Wie auch beim Band-Klassiker 'Legions Of The Black Light' verfasste Live-Gitarrist Set Taitan den Text zu 'Black Flames March', der bald wohl einen ähnlichen Stellenwert im Set der Band einnehmen wird. Eine tiefe Verbeugung gen BATHORY in Teilen der epischen, im Hintergrund von einer Akustikgitarre begleiteten, Strophe und ein Chorus, der als Archetyp des Faustreckens fungieren könnte. Auch hier wird im weiteren Verlauf nicht stupide schon bekannte Elemente wiederholt, sondern das Stück entwickelt sich weiter, wird eingerissen, baut sich auf, explodiert in einem mörderischen Break und findet schließlich zum Anfangsschema zurück.

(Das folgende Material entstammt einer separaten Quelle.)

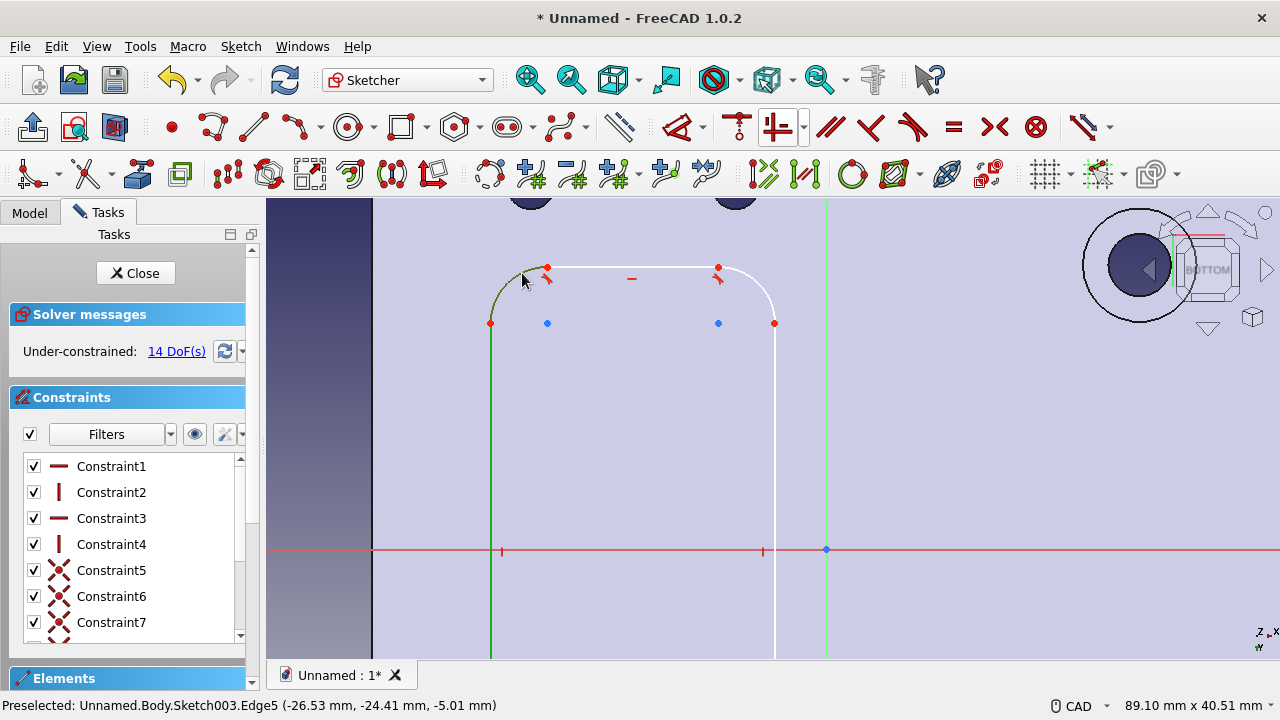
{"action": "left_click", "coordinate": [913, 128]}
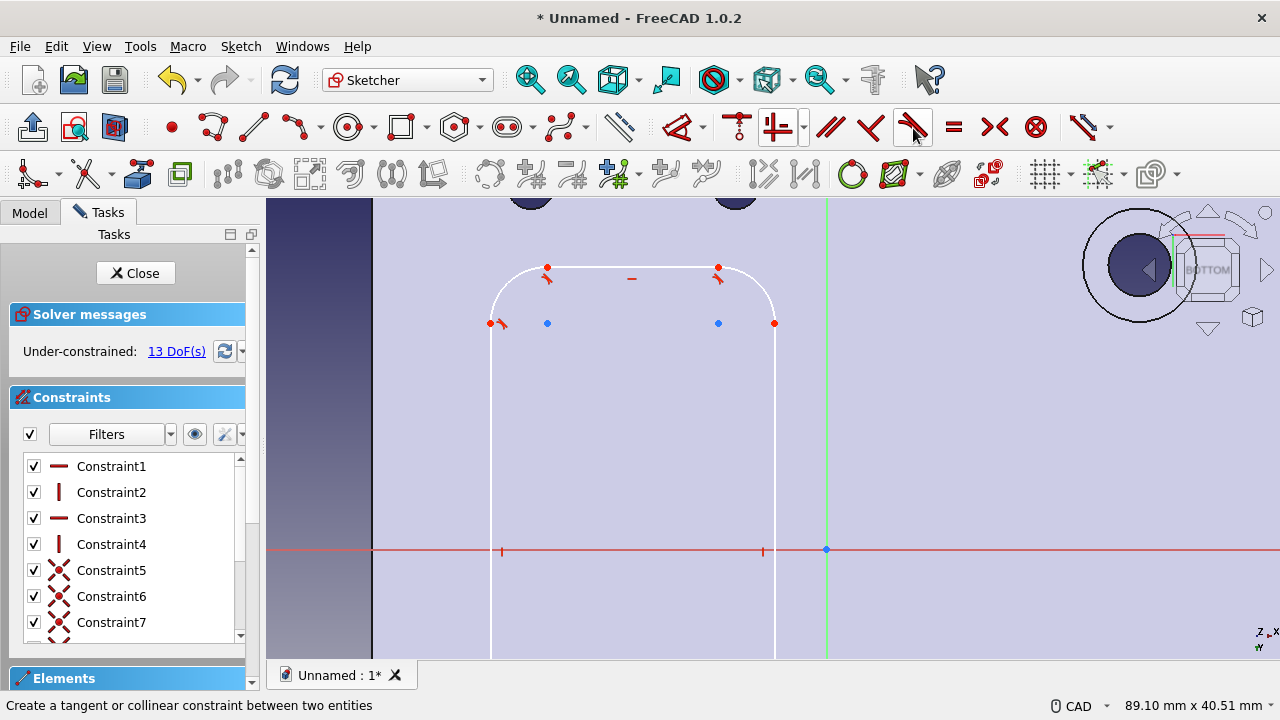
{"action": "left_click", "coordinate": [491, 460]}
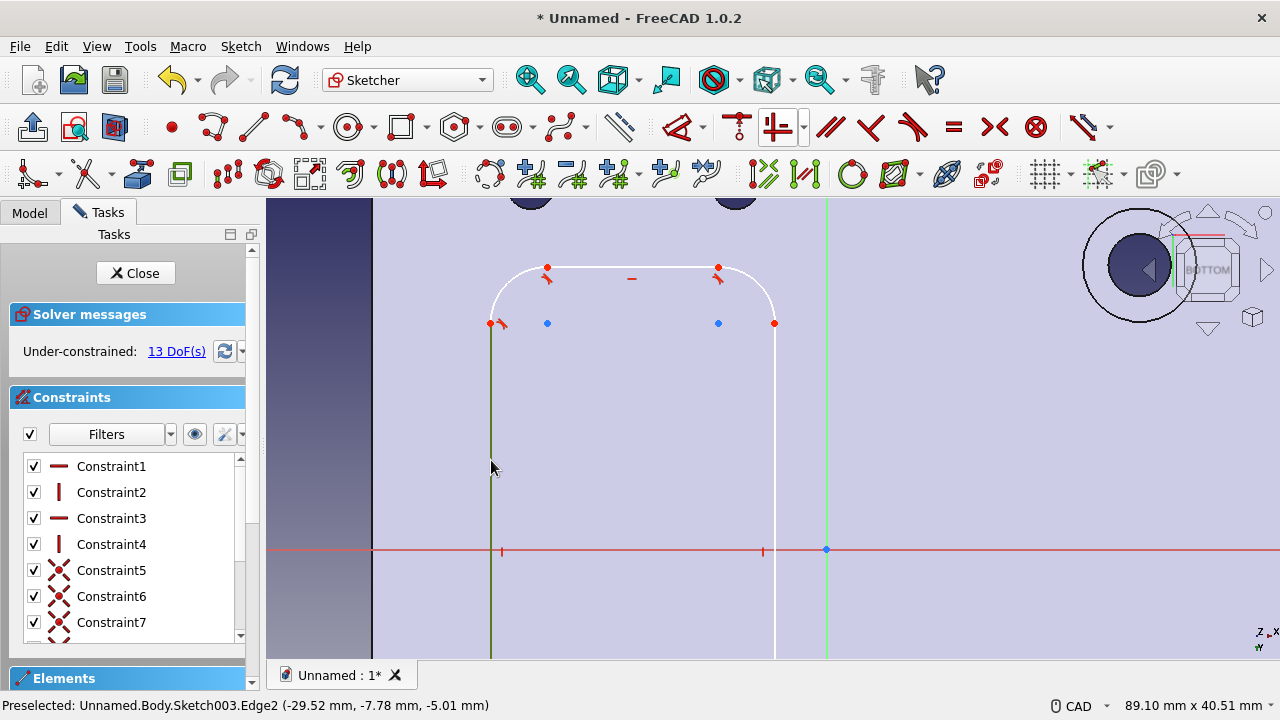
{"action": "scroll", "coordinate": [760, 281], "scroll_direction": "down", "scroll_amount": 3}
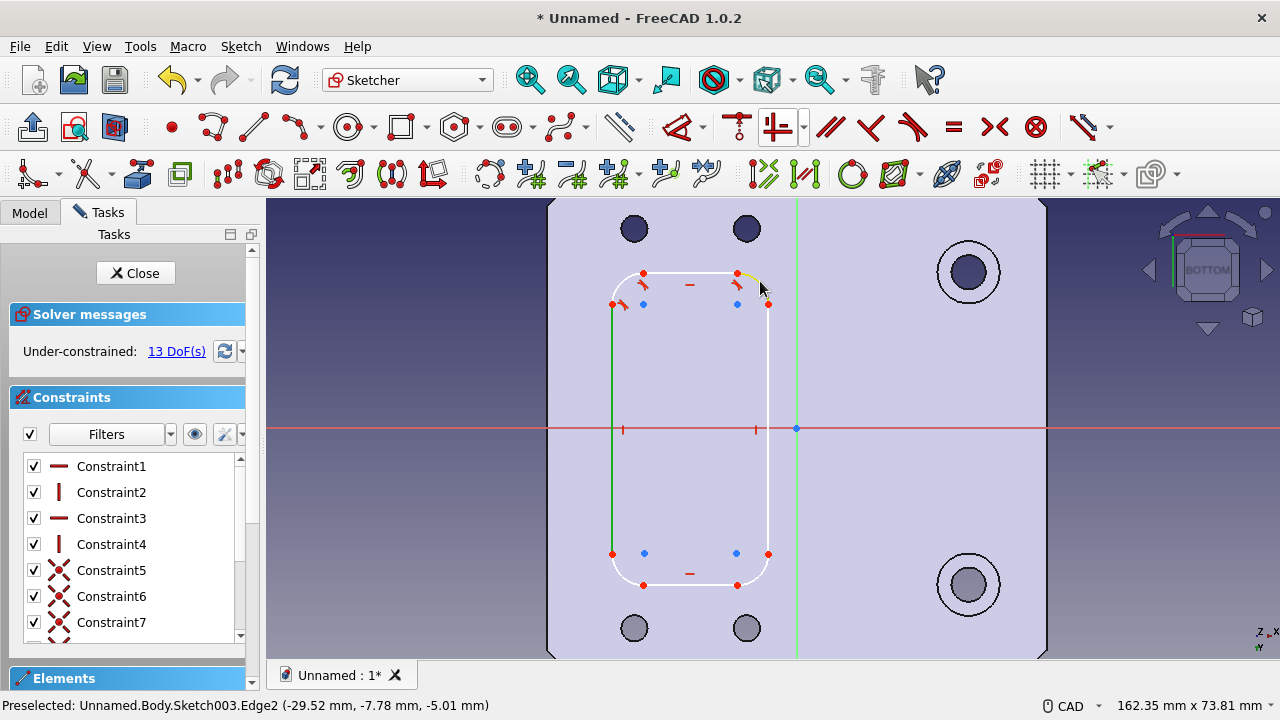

Die beiden folgenden Stücke sind dem Hörer vermutlich schon bekannt. 'All That May Bleed' stellt eine weitere, erneuerte Facette im Kosmos der Band dar, der Beweis eines ureigen entwickelten Stils: Wahnsinn, aber kontrolliert. Chaos durch Strukturvielfalt und abwechslungsreiches, anbetungswürdiges Riffing. In diesem Fall weniger stürmisch nach vorne preschend oder stoisch voranschreitend, dieses Stück ist wie ein Kriegsschrein, ein Altar auf Schlachtfeldern, unter dessen Panzerketten alles, was sich wiedersetzt, zu Staub zermahlen wird. Dagegen wirkt 'The Child Must Die' zunächst wie eine Antithese. Eingängiges Riffing und ein episch-melodischer Refrain, in dem Eric Danielson von einer schwebenden Lead-Gitarre begleitet wird; näher waren WATAIN nie an der Vorbildband DISSECTION. Auch hier zerstört ein Break, dessen Chromatik irgendwo aus der Hölle stammt, die Sicherheit der eingängigen ersten Hälfte. Gewinner des Stückes ist die Lead-Gitarre, welche dem Ganzen mit einer Gänsehaut-Darbietung eines typisch schwedischen Singlenote-Leads die Krone aufsetzt.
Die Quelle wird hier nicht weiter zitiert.